Three supervised machine learning (ML) classification algorithms: Support Vector Classifier (SVC), K- Nearest Neighbour (K-NN), and Linear Discriminant Analysis (LDA) classification algorithms are combined with seventy-six (76) data points of nine (9) core sample datasets retrieved from five (5) selected wells in oilfields of the Subei Basin to delineate bioturbation. Application of feature selection via p-score and f-scoring reduced the number of relevant features to 7 out of the 12 considered. Each classifier underwent model training and testing allocating 80% of the data for training and the remaining 20% for testing. Under the model training, optimization of hyperparameters of the SVC (C, Gamma and Kernel) and K-NN (K value) was performed via the grid search to understand the best form of the decision boundaries that provides optimal accuracy of prediction of Bioturbation. Results aided the selection of optimized SVC hyperparameters such as a linear kernel, C-1000 and Gamma parameter—0.10 that provided a training accuracy of 96.17%. The optimized KNN classifier was obtained based on the K = 5 nearest neighbour to obtain a training accuracy of 73.28%. The training accuracy of the LDA classifier was 67.36% which made it the worst-performing classifier in this work. Further cross-validation based on a fivefold stratification was performed on each classifier to ascertain model generalization and stability for the prediction of unseen test data. Results of the test performance of each classifier indicated that the SVC was the best predictor of the bioturbation index at 92.86% accuracy, followed by the K-NN model at 90.48%, and then the LDA classifier which gave the lowest test accuracy at 76.2%. The results of this work indicate that bioturbation can be predicted via ML methods which is a more efficient and effective means of rock characterization compared to conventional methods used in the oil and gas industry.

Abstract Image

查看原文本刊更多论文

应用 SVC、k-NN 和 LDA 机器学习算法改进生物扰动预测：以中国苏北盆地为例

三种有监督的机器学习（ML）分类算法：支持向量分类器（SVC）、K-近邻（K-NN）和线性判别分析（LDA）分类算法与从苏北盆地油田五（5）口选定油井中提取的九（9）个岩心样本数据集的 76 个数据点相结合，对生物扰动进行了划分。通过 p 分数和 f 分数进行特征选择，将相关特征的数量减少到 12 个中的 7 个。每个分类器都进行了模型训练和测试，其中 80% 的数据用于训练，其余 20% 用于测试。在模型训练过程中，通过网格搜索对 SVC 的超参数（C、Gamma 和核）和 K-NN 的超参数（K 值）进行了优化，以了解决策边界的最佳形式，从而提供最佳的生物扰动预测精度。结果帮助选择了优化的 SVC 超参数，如线性核、C-1000 和 Gamma 参数-0.10，使训练准确率达到 96.17%。优化的 KNN 分类器基于 K = 5 近邻，训练准确率为 73.28%。LDA 分类器的训练准确率为 67.36%，是本研究中表现最差的分类器。对每个分类器都进行了基于五重分层的进一步交叉验证，以确定模型在预测未见测试数据时的泛化和稳定性。各分类器的测试结果表明，SVC 是生物扰动指数的最佳预测器，准确率为 92.86%，其次是 K-NN 模型，准确率为 90.48%，然后是 LDA 分类器，测试准确率最低，为 76.2%。这项工作的结果表明，通过 ML 方法可以预测生物扰动，与油气行业使用的传统方法相比，这是一种更高效、更有效的岩石表征方法。

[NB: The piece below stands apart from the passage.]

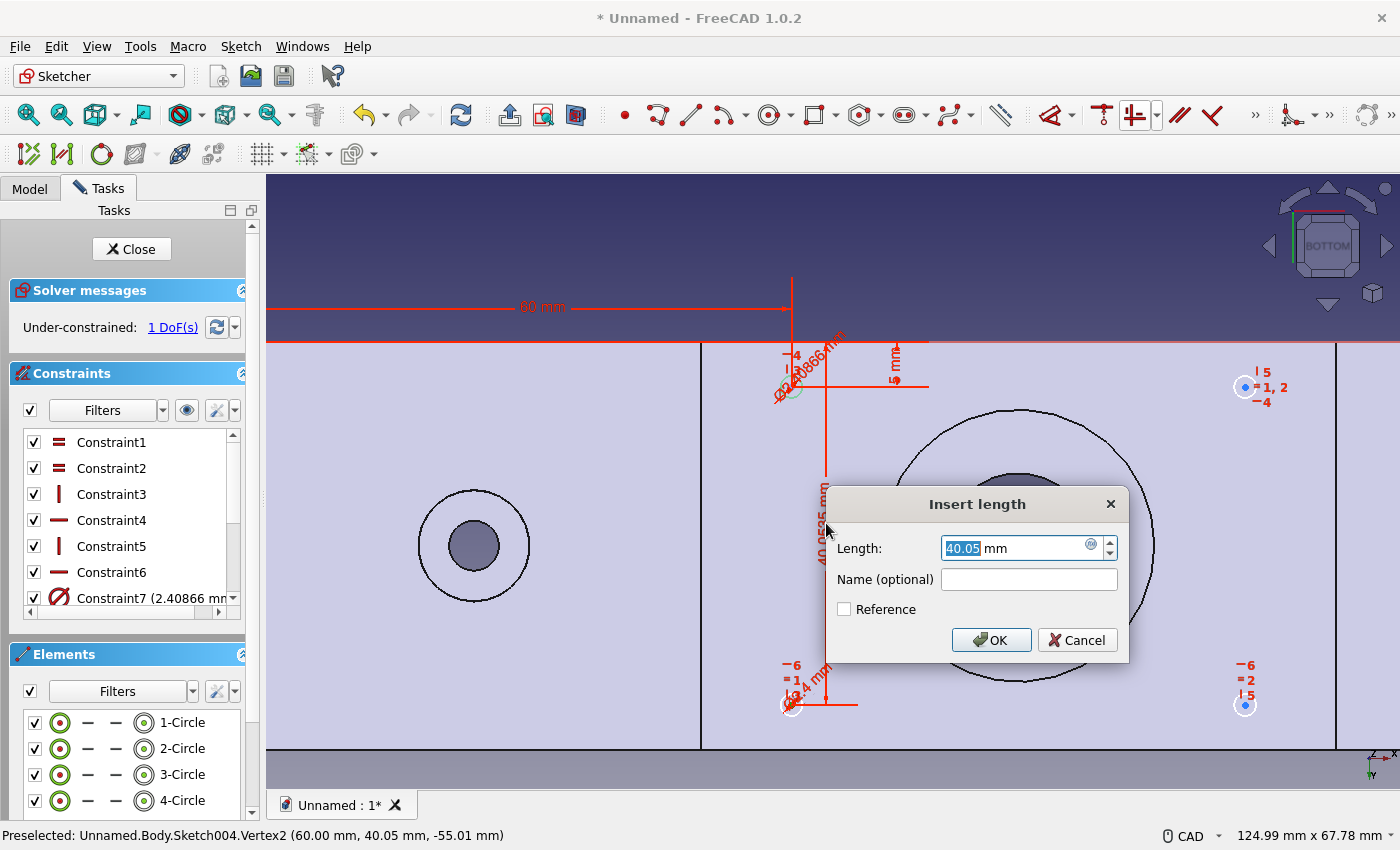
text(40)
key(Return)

本文章由计算机程序翻译，如有差异，请以英文原文为准。

求助全文

约1分钟内获得全文求助全文

来源期刊

Earth Science Informatics COMPUTER SCIENCE, INTERDISCIPLINARY APPLICATIONS-GEOSCIENCES, MULTIDISCIPLINARY

CiteScore

4.60

自引率

3.60%

发文量

157

审稿时长

4.3 months

期刊介绍： The Earth Science Informatics [ESIN] journal aims at rapid publication of high-quality, current, cutting-edge, and provocative scientific work in the area of Earth Science Informatics as it relates to Earth systems science and space science. This includes articles on the application of formal and computational methods, computational Earth science, spatial and temporal analyses, and all aspects of computer applications to the acquisition, storage, processing, interchange, and visualization of data and information about the materials, properties, processes, features, and phenomena that occur at all scales and locations in the Earth system’s five components (atmosphere, hydrosphere, geosphere, biosphere, cryosphere) and in space (see "About this journal" for more detail). The quarterly journal publishes research, methodology, and software articles, as well as editorials, comments, and book and software reviews. Review articles of relevant findings, topics, and methodologies are also considered.